2014 Provenance Reconstruction Challenge (human-generated)

From Provenance Reconstruction Wiki
Jump to: navigation, search

The aim of the 2014 Provenance Reconstruction Challenge was to help spur research into the reconstruction of provenance by providing a common task and datasets for experimentation.

Challenge participants received an open data set and the corresponding provenance graphs (in W3C PROV format). They could then work with the data trying to reconstruct the provenance graphs from the open data set. The data consists of two distinct sets: one machine-generated, and one human-generated. This way, we are able to evaluate the reconstruction accuracy for provenance that was automatically collected based on observations, and provenance that was generated based on information provided by humans, which could not be captured automatically. For each dataset, we provide the raw data, and the ground truth provenance serialized in PROV-O.

The human-generated dataset is available for download at [1].

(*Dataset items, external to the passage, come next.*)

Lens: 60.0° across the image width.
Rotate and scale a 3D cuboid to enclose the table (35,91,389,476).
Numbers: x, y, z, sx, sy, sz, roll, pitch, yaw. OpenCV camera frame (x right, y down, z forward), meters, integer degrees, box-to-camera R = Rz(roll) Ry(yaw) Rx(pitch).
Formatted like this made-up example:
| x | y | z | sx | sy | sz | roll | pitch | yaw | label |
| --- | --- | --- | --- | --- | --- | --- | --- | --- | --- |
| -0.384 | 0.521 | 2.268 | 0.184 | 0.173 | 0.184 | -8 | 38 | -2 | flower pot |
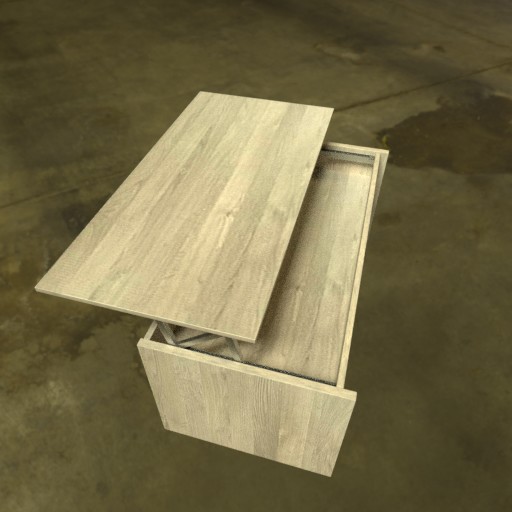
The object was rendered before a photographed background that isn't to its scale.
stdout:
| x | y | z | sx | sy | sz | roll | pitch | yaw | label |
| --- | --- | --- | --- | --- | --- | --- | --- | --- | --- |
| 0.000 | 0.000 | 1.430 | 0.712 | 0.570 | 1.000 | 11 | 46 | 11 | table |

The ground truth for this dataset was created using the sources mentioned in news articles from WikiNews. The link between news articles and their sources is modeled using the prov:hadPrimarySource relation. The raw data consists of the entire HTML of the WikiNews articles, without the sources, and a list of URIs (human_sources.txt). In other words, the goal of this task is to match the source URIs from this list to the correct WikiNews article. The main goal is to reconstruct the derivation graph of the original files, serialized as PROV-O.

Approaches may use any information embedded in the files or external information as you see fit, save from the ground truth or WikiNews, for obvious reasons. Evaluations should report at a minimum the results of precision/recall of the prov:hadPrimarySource relations.